> _Problem to solve_: The answer must consist solely of the lines from the opening line of the entries through the line with "text cd ~/Pobrane [264, 151, 1086, 177]", transcribed exactly and without any pictures.

> _Exercise materials_:
*** Block opens ***
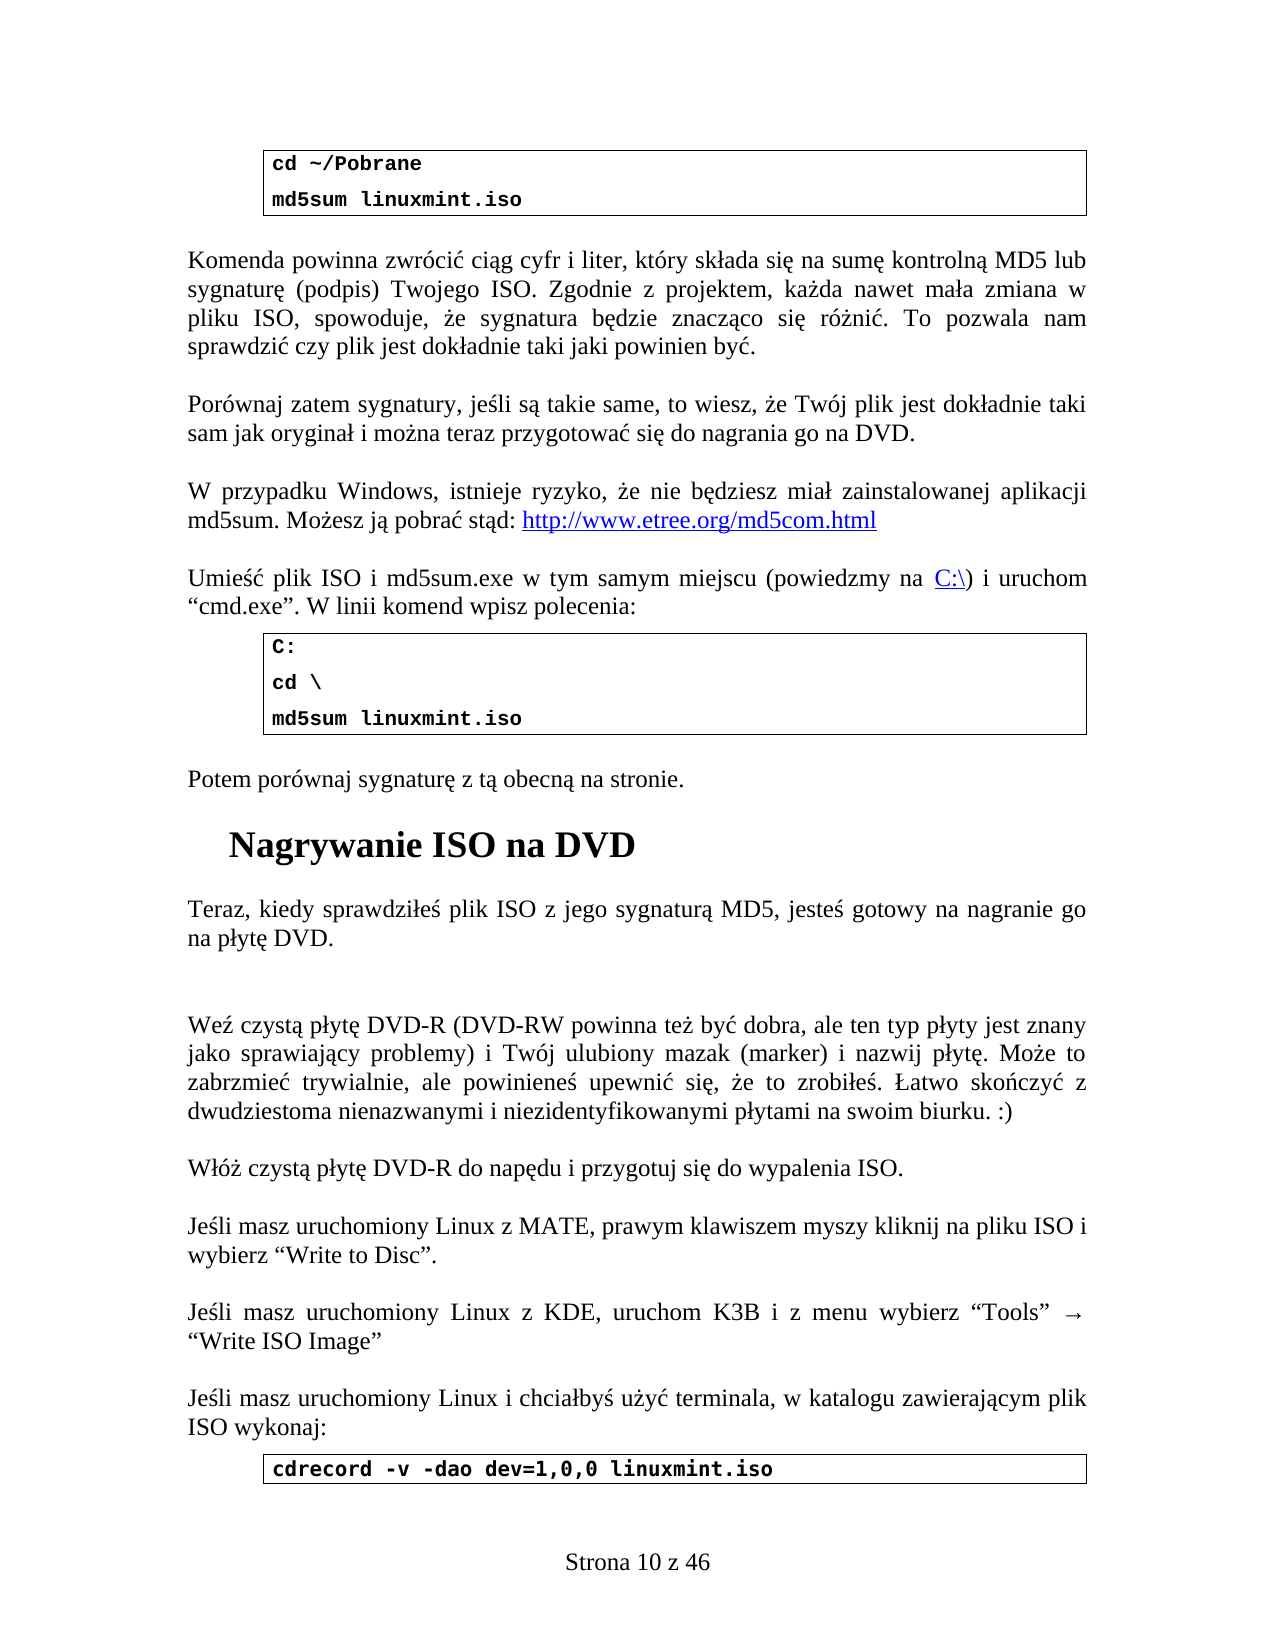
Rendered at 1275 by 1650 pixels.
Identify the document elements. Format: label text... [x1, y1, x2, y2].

subtitle Nagrywanie ISO na DVD [187, 822, 1087, 865]
text C: [264, 634, 1086, 659]
text cd ~/Pobrane [264, 151, 1086, 177]
text Porównaj zatem sygnatury, jeśli są takie same, to wiesz, że Twój plik jest dokładnie taki sam jak oryginał i można teraz przygotować się do nagrania go na DVD. [187, 389, 1087, 447]
text Jeśli masz uruchomiony Linux z MATE, prawym klawiszem myszy kliknij na pliku ISO i wybierz “Write to Disc”. [187, 1211, 1087, 1268]
text Komenda powinna zwrócić ciąg cyfr i liter, który składa się na sumę kontrolną MD5 lub sygnaturę (podpis) Twojego ISO. Zgodnie z projektem, każda nawet mała zmiana w pliku ISO, spowoduje, że sygnatura będzie znacząco się różnić. To pozwala nam sprawdzić czy plik jest dokładnie taki jaki powinien być. [187, 245, 1087, 360]
text Włóż czystą płytę DVD-R do napędu i przygotuj się do wypalenia ISO. [187, 1153, 1087, 1182]
text Umieść plik ISO i md5sum.exe w tym samym miejscu (powiedzmy na C:\) i uruchom “cmd.exe”. W linii komend wpisz polecenia: [187, 563, 1087, 620]
text cd \ [264, 669, 1086, 696]
text cdrecord -v -dao dev=1,0,0 linuxmint.iso [264, 1455, 1086, 1483]
text Teraz, kiedy sprawdziłeś plik ISO z jego sygnaturą MD5, jesteś gotowy na nagranie go na płytę DVD. [187, 894, 1087, 952]
text W przypadku Windows, istnieje ryzyko, że nie będziesz miał zainstalowanej aplikacji md5sum. Możesz ją pobrać stąd: http://www.etree.org/md5com.html [187, 476, 1087, 533]
text Jeśli masz uruchomiony Linux z KDE, uruchom K3B i z menu wybierz “Tools” → “Write ISO Image” [187, 1297, 1087, 1355]
text Jeśli masz uruchomiony Linux i chciałbyś użyć terminala, w katalogu zawierającym plik ISO wykonaj: [187, 1383, 1087, 1441]
text md5sum linuxmint.iso [264, 705, 1086, 734]
text Weź czystą płytę DVD-R (DVD-RW powinna też być dobra, ale ten typ płyty jest znany jako sprawiający problemy) i Twój ulubiony mazak (marker) i nazwij płytę. Może to zabrzmieć trywialnie, ale powinieneś upewnić się, że to zrobiłeś. Łatwo skończyć z dwudziestoma nienazwanymi i niezidentyfikowanymi płytami na swoim biurku. :) [187, 1010, 1087, 1125]
text Potem porównaj sygnaturę z tą obecną na stronie. [187, 764, 1087, 793]
*** Block closes ***
> _Task solution_:
Rendered at 1275 by 1650 pixels.
Identify the document elements. Format: label text... [x1, y1, x2, y2].

subtitle Nagrywanie ISO na DVD [187, 822, 1087, 865]
text C: [264, 634, 1086, 659]
text cd ~/Pobrane [264, 151, 1086, 177]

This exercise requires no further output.